**WORK INSTRUCTIONS:** Output only how many lines below contain "hiervoor".

*** RECORDS ***

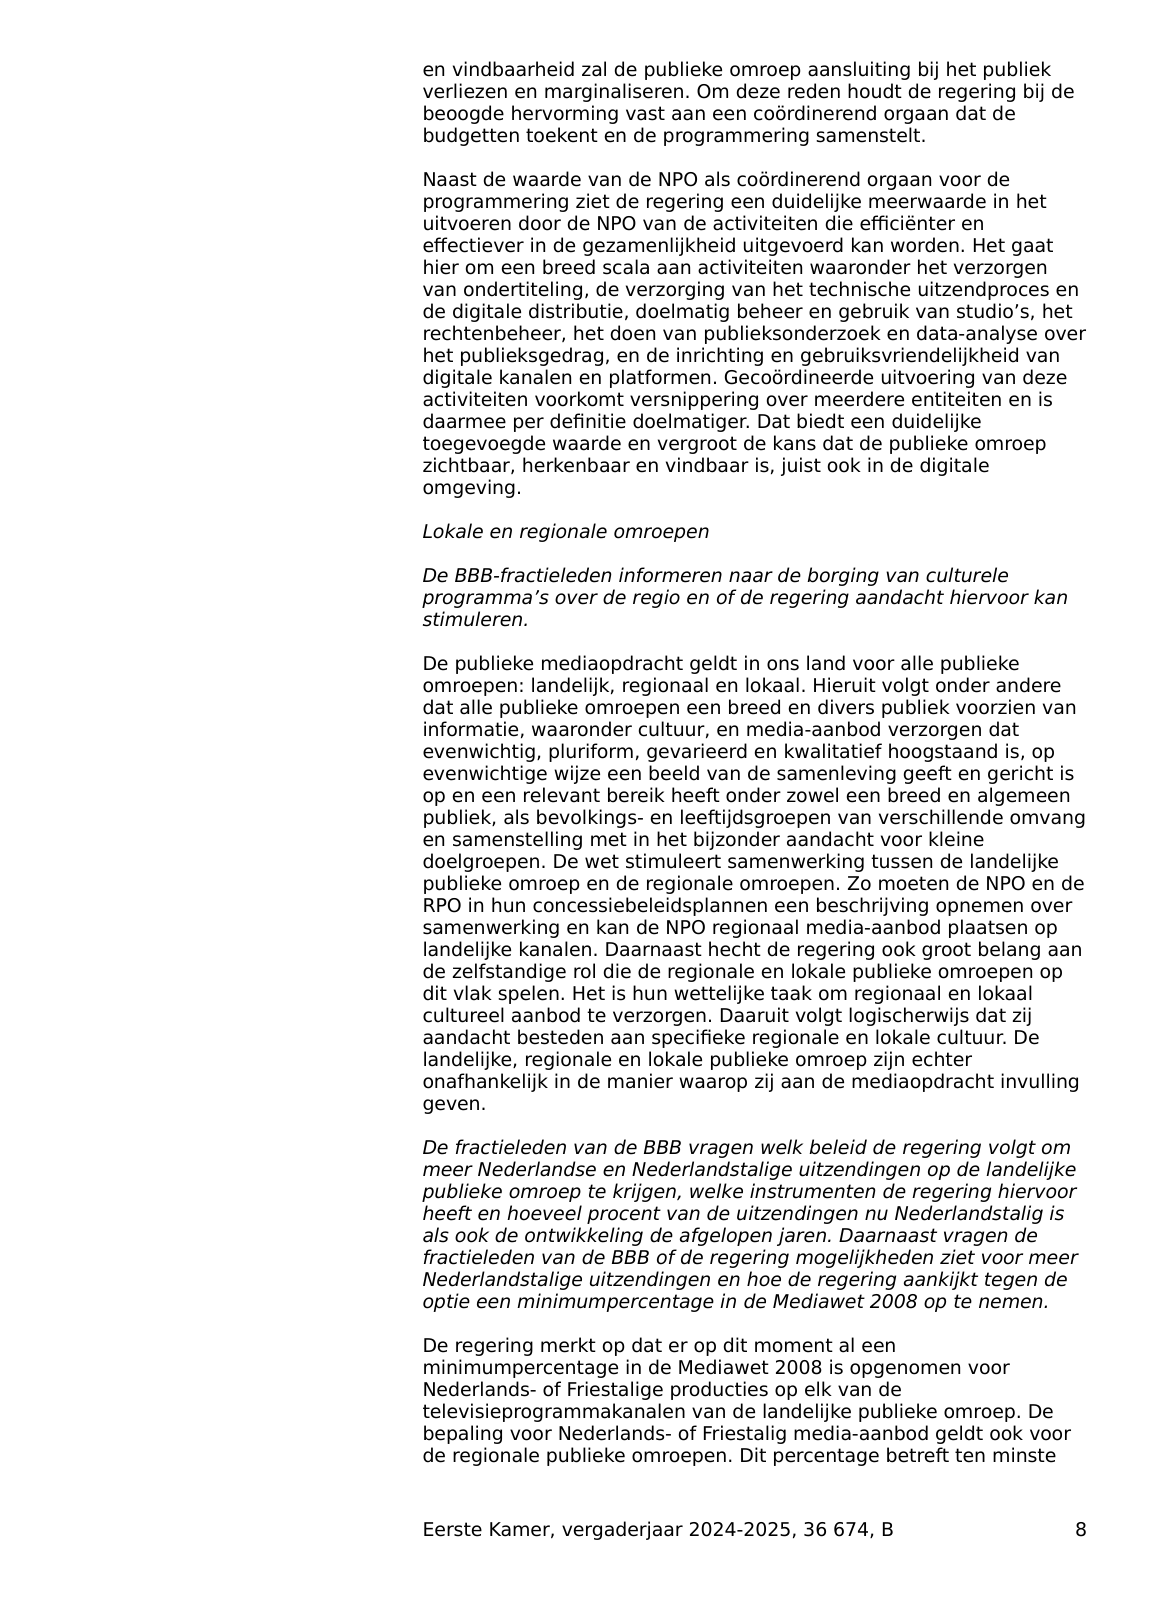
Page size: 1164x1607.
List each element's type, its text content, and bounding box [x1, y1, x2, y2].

text De BBB-fractieleden informeren naar de borging van culturele programma’s over de regio en of de regering aandacht hiervoor kan stimuleren. [422, 565, 1087, 631]
text De fractieleden van de BBB vragen welk beleid de regering volgt om meer Nederlandse en Nederlandstalige uitzendingen op de landelijke publieke omroep te krijgen, welke instrumenten de regering hiervoor heeft en hoeveel procent van de uitzendingen nu Nederlandstalig is als ook de ontwikkeling de afgelopen jaren. Daarnaast vragen de fractieleden van de BBB of de regering mogelijkheden ziet voor meer Nederlandstalige uitzendingen en hoe de regering aankijkt tegen de optie een minimumpercentage in de Mediawet 2008 op te nemen. [422, 1137, 1087, 1313]
text Naast de waarde van de NPO als coördinerend orgaan voor de programmering ziet de regering een duidelijke meerwaarde in het uitvoeren door de NPO van de activiteiten die efficiënter en effectiever in de gezamenlijkheid uitgevoerd kan worden. Het gaat hier om een breed scala aan activiteiten waaronder het verzorgen van ondertiteling, de verzorging van het technische uitzendproces en de digitale distributie, doelmatig beheer en gebruik van studio’s, het rechtenbeheer, het doen van publieksonderzoek en data-analyse over het publieksgedrag, en de inrichting en gebruiksvriendelijkheid van digitale kanalen en platformen. Gecoördineerde uitvoering van deze activiteiten voorkomt versnippering over meerdere entiteiten en is daarmee per definitie doelmatiger. Dat biedt een duidelijke toegevoegde waarde en vergroot de kans dat de publieke omroep zichtbaar, herkenbaar en vindbaar is, juist ook in de digitale omgeving. [422, 169, 1087, 499]
text De regering merkt op dat er op dit moment al een minimumpercentage in de Mediawet 2008 is opgenomen voor Nederlands- of Friestalige producties op elk van de televisieprogrammakanalen van de landelijke publieke omroep. De bepaling voor Nederlands- of Friestalig media-aanbod geldt ook voor de regionale publieke omroepen. Dit percentage betreft ten minste [422, 1335, 1087, 1467]
text en vindbaarheid zal de publieke omroep aansluiting bij het publiek verliezen en marginaliseren. Om deze reden houdt de regering bij de beoogde hervorming vast aan een coördinerend orgaan dat de budgetten toekent en de programmering samenstelt. [422, 59, 1087, 147]
subtitle Lokale en regionale omroepen [422, 521, 1087, 543]
text De publieke mediaopdracht geldt in ons land voor alle publieke omroepen: landelijk, regionaal en lokaal. Hieruit volgt onder andere dat alle publieke omroepen een breed en divers publiek voorzien van informatie, waaronder cultuur, en media-aanbod verzorgen dat evenwichtig, pluriform, gevarieerd en kwalitatief hoogstaand is, op evenwichtige wijze een beeld van de samenleving geeft en gericht is op en een relevant bereik heeft onder zowel een breed en algemeen publiek, als bevolkings- en leeftijdsgroepen van verschillende omvang en samenstelling met in het bijzonder aandacht voor kleine doelgroepen. De wet stimuleert samenwerking tussen de landelijke publieke omroep en de regionale omroepen. Zo moeten de NPO en de RPO in hun concessiebeleidsplannen een beschrijving opnemen over samenwerking en kan de NPO regionaal media-aanbod plaatsen op landelijke kanalen. Daarnaast hecht de regering ook groot belang aan de zelfstandige rol die de regionale en lokale publieke omroepen op dit vlak spelen. Het is hun wettelijke taak om regionaal en lokaal cultureel aanbod te verzorgen. Daaruit volgt logischerwijs dat zij aandacht besteden aan specifieke regionale en lokale cultuur. De landelijke, regionale en lokale publieke omroep zijn echter onafhankelijk in de manier waarop zij aan de mediaopdracht invulling geven. [422, 653, 1087, 1115]

*** End of RECORDS ***

**EXERCISE RESULT:** 2